De EU en de Organisatie van de Verenigde Naties voor Onderwijs, Wetenschap en Cultuur (Unesco) zullen in 2017-18 samen een proefproject opzetten om opleidingsmodules betreffende de illegale handel in cultuurgoederen te ontwikkelen voor de relevante beroepsgroepen, waaronder politieambtenaren. Met dit proefproject zal ook een uitgebreide studie naar de verschillende dimensies van de illegale handel in cultuurgoederen worden gefinancierd, waarin met name zal worden gekeken naar smokkelroutes, -omvang en -methoden alsook naar het gebruik van nieuwe technologieën om deze te bestrijden.
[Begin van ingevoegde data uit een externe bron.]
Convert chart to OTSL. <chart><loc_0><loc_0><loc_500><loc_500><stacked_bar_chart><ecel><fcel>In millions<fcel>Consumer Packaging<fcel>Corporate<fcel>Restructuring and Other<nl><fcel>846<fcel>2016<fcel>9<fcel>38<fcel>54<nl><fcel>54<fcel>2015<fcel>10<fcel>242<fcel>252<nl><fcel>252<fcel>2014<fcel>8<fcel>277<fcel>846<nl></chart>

Via TAIEX, het EU-instrument instrument voor technische bijstand en informatie-uitwisseling, wordt ook voorzien in capaciteitsopbouw van de rechtshandhavingsautoriteiten. De afgelopen jaren zijn verschillende workshops over de bestrijding van de illegale handel in cultuurgoederen georganiseerd, onder andere in de voormalige Joegoslavische Republiek Macedonië, Turkije, Kosovo, Bosnië en Herzegovina en Servië. De TAIEX-bijstand was voorheen alleen beschikbaar in de landen van het nabuurschap, maar kan nu overal ter wereld worden ingezet.

Deskundigen op het gebied van cultureel erfgoed nemen steeds vaker deel aan gezamenlijke missies van de EU, de VN en de Wereldbank om de behoeften na een ramp en in de fasen van herstel en vredesopbouw in kaart te brengen, waarbij zij de schade aan en risico's voor het cultureel erfgoed, waaronder illegale handel, helpen te beoordelen.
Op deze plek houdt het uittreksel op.